Plain English Summary
Background and study aims
Action Against Hunger (ACF) has intervened in Mali since 1996. ACF is involved in the district of Kita since 2007 through the Project for Improving Food and Nutrition Security in the four communes of the south.
In the food and nutrition crisis of 2012, ACF expanded to support all areas of functional health district through the project "Strengthening local capacities for integrated management of acute malnutrition and access to food in Kita". 35 health areas spread over 29 communes receive technical and material support for the management of severe acute malnutrition. Cases of uncomplicated SAM are supported at the Health Reference Centre, and those with complications at St. Felix Centre in Kita.
Management of moderate acute malnutrition happens at two levels: at the community health centre, but also at the community level in villages with Community Health Workers (CHWs). These are health workers based in some villages with no community health centre: they offer a package of basic preventive and curative care. In each health area, an additional network of community volunteers implement screening activities. In spite of the many advantages and successes of this approach, a recent coverage assessment carried out by ACF in March 2013 determined that facility-based treatment in Kita was estimated to be reaching around 25% of the affected population. Awareness and distance from centres (can be several hours walking) were found to be major barriers to access preventing caregivers from accessing care. The need for stronger links with the community were identified as key areas of improvement.
This study aims to examine the impact of integrating treatment and early identification of SAM with the basic package delivered by the CHWs in several communes of the “cercle” of Kita where ACF supports the community-based management of acute malnutrition, currently delivered at health centre level. This aims to provide evidence that will help to support integration of SAM treatment into existing healthcare packages delivered by Community Health Workers and provide a model capable of bridging some of the most common barriers to access faced by traditional service delivery models.
Who can participate?
Children aged 6 to 59 months with severe acute malnutrition.
What does the study involve?
Participants within selected areas are allocated to one of two groups. These groups are then randomly assigned to receive the intervention, or treatment as usual.
Those in the intervention group have community health workers available to provide care (diagnosis, treatment with food sachets and weekly follow up) at their door.
Those in the control group are taken to health centres by their mothers for treatment.
Participants are followed up weekly until discharge, and have clinical data recorded at each appoint for assessment.
What are the possible benefits and risks of participating?
Participants may benefit from receiving care at their door and avoiding long travel to clinics.
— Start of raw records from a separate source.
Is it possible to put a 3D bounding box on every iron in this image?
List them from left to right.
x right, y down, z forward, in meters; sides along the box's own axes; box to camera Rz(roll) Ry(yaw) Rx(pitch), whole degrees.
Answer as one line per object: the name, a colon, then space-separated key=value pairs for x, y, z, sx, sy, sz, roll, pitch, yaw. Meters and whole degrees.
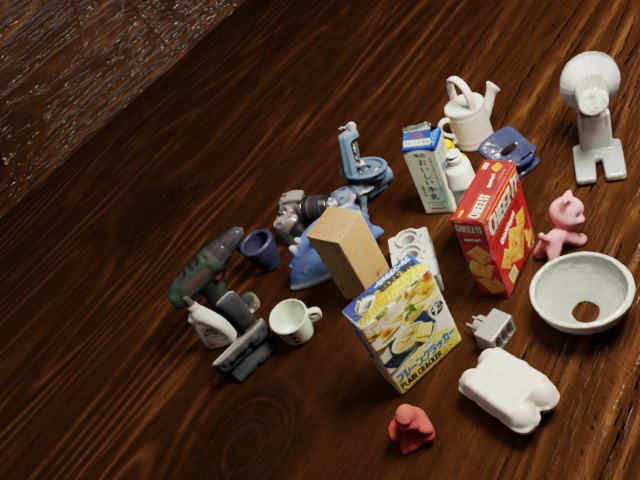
iron: x=0.012 y=0.005 z=1.343 sx=0.258 sy=0.142 sz=0.118 roll=-35 pitch=38 yaw=-5

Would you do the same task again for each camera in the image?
camera: x=-0.041 y=-0.074 z=1.498 sx=0.136 sy=0.101 sz=0.143 roll=-7 pitch=44 yaw=27

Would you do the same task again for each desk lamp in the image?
desk lamp: x=0.578 y=-0.263 z=1.206 sx=0.117 sy=0.214 sz=0.203 roll=-9 pitch=43 yaw=26

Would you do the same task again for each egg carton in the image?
egg carton: x=0.308 y=0.246 z=0.941 sx=0.107 sy=0.070 sz=0.149 roll=-43 pitch=39 yaw=-15

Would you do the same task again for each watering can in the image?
watering can: x=0.369 y=-0.331 z=1.435 sx=0.173 sy=0.195 sz=0.100 roll=-47 pitch=41 yaw=-19

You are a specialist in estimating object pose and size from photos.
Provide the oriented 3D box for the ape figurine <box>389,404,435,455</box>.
ape figurine: x=0.150 y=0.308 z=0.959 sx=0.077 sy=0.092 sz=0.076 roll=2 pitch=48 yaw=35

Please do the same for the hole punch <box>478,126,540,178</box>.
hole punch: x=0.438 y=-0.199 z=1.329 sx=0.109 sy=0.091 sz=0.100 roll=-37 pitch=38 yaw=-7

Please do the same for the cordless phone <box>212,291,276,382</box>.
cordless phone: x=-0.191 y=0.201 z=1.226 sx=0.148 sy=0.186 sz=0.093 roll=-45 pitch=40 yaw=-18

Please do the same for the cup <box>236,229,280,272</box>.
cup: x=-0.155 y=0.036 z=1.457 sx=0.117 sy=0.095 sz=0.092 roll=-7 pitch=44 yaw=28

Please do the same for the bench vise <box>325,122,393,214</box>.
bench vise: x=0.087 y=-0.166 z=1.418 sx=0.121 sy=0.220 sz=0.208 roll=3 pitch=49 yaw=35

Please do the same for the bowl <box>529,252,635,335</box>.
bowl: x=0.456 y=0.105 z=0.995 sx=0.167 sy=0.075 sz=0.167 roll=-18 pitch=40 yaw=16

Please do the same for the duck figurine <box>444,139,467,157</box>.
duck figurine: x=0.321 y=-0.209 z=1.421 sx=0.077 sy=0.086 sz=0.104 roll=-39 pitch=39 yaw=-10

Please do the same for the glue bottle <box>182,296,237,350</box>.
glue bottle: x=-0.262 y=0.183 z=1.301 sx=0.078 sy=0.174 sz=0.037 roll=-20 pitch=39 yaw=13

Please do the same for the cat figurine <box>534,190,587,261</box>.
cat figurine: x=0.464 y=-0.031 z=1.105 sx=0.128 sy=0.118 sz=0.067 roll=-42 pitch=39 yaw=-14

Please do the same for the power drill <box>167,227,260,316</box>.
power drill: x=-0.231 y=0.101 z=1.342 sx=0.230 sy=0.209 sz=0.075 roll=-38 pitch=38 yaw=-9
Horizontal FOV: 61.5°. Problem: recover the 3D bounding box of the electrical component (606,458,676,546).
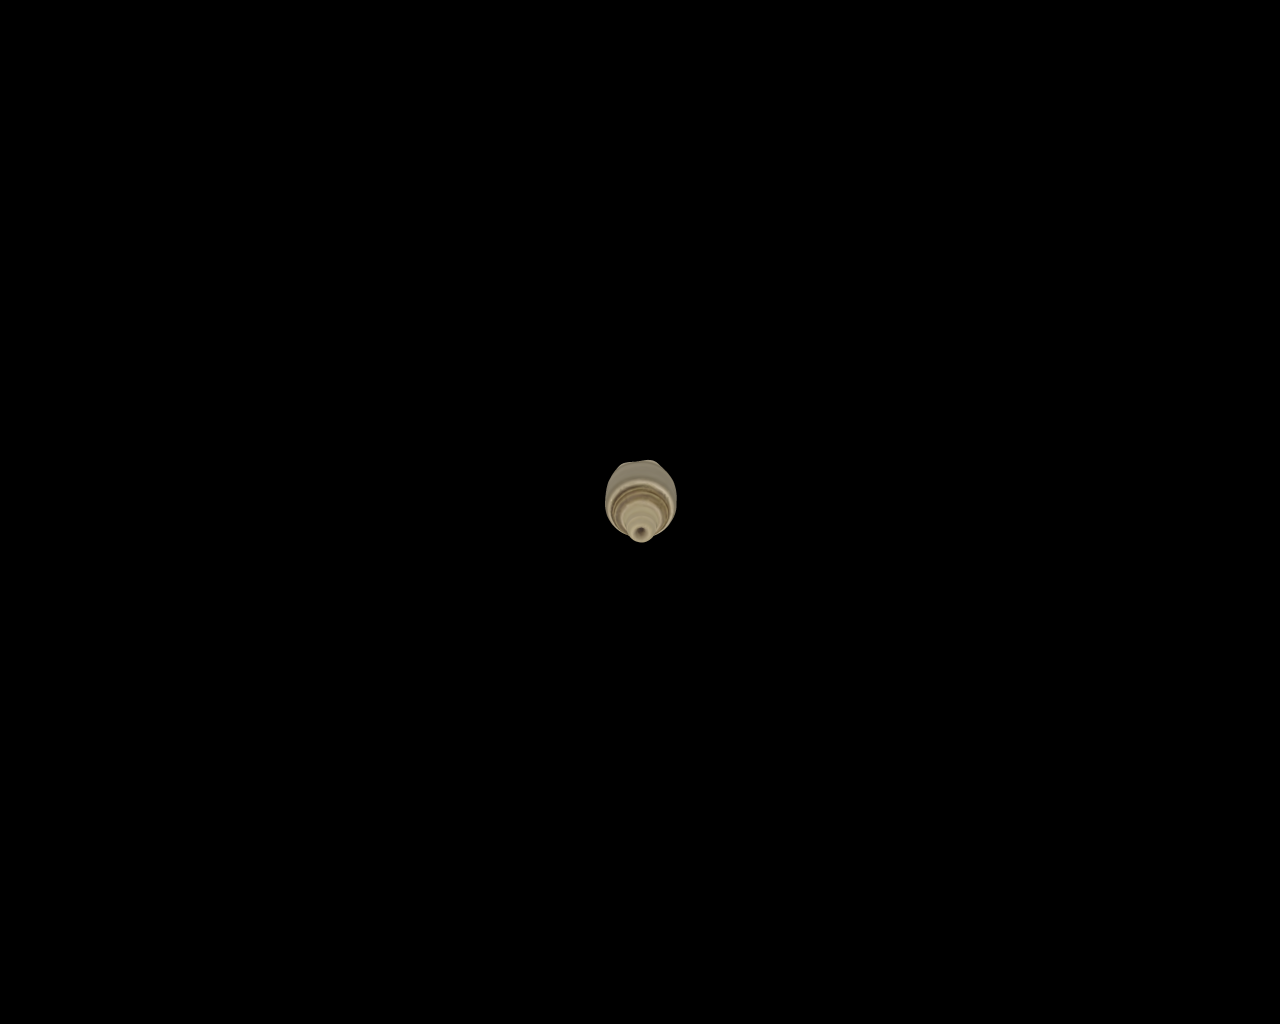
[{"bbox_3d":[0.001,-0.003,0.650,0.043,0.043,0.062,0,30,0],"label":"electrical component"}]

There are no direct risks to participants.
Where is the study run from?
Communes in Kita (Mali)
When is the study starting and how long is it expected to run for?
August 2014 to November 2017
Who is funding the study?
Innocent Foundation (UK)
Who is the main contact?
Dr Jose Luis Alvarez Moran (Scientific)
Dr Jose Luis Alvarez Moran
Action Against Hunger UK
Rear premises 161-163
Greenwich High Road
A cohort study comparing treatment for Severe Acute Malnutrition (SAM) delivered by Community Health Workers compared to a traditional facility based model
Treatment of SAM by ASCs as part of the SEC package will:
1. Improve early identification of SAM cases compared to the Health Facility Treatment with less complicated cases referred to SC and MUAC at admission closer to threshold levels.
2. Improve access to treatment service: coverage rates and barriers to access as evaluated by SQUEAC assessments.
3. Improve cost-effectiveness compared to treatment at health facilities.
4. Provide high quality of care (>80% error-free case management).
5. Not have an inferior effect on clinical outcomes of SAM treatment (including cure, death and in particular defaulter rates)
Ethics Committee of the National Institute for Research in Public Health (Comité d'Ethique de l'Institut National de Recherche en Santé Publique) Mali, 13/01/2015, ref: 03/2015/CE-INRSP
Randomised controlled trial
Primary study design
Secondary study design
Randomised controlled trial
Patient information sheet
Not available in web format, please use the contact details below to request a patient information sheet
Areas within the 'circle' of Kita with similar sociodemopgraphic, cultural and education characteristics and disease prevalence are matched to create two groups: Group Kita East and Group Kita West. These are randomly allocated to receive the intervention or treatment as usual.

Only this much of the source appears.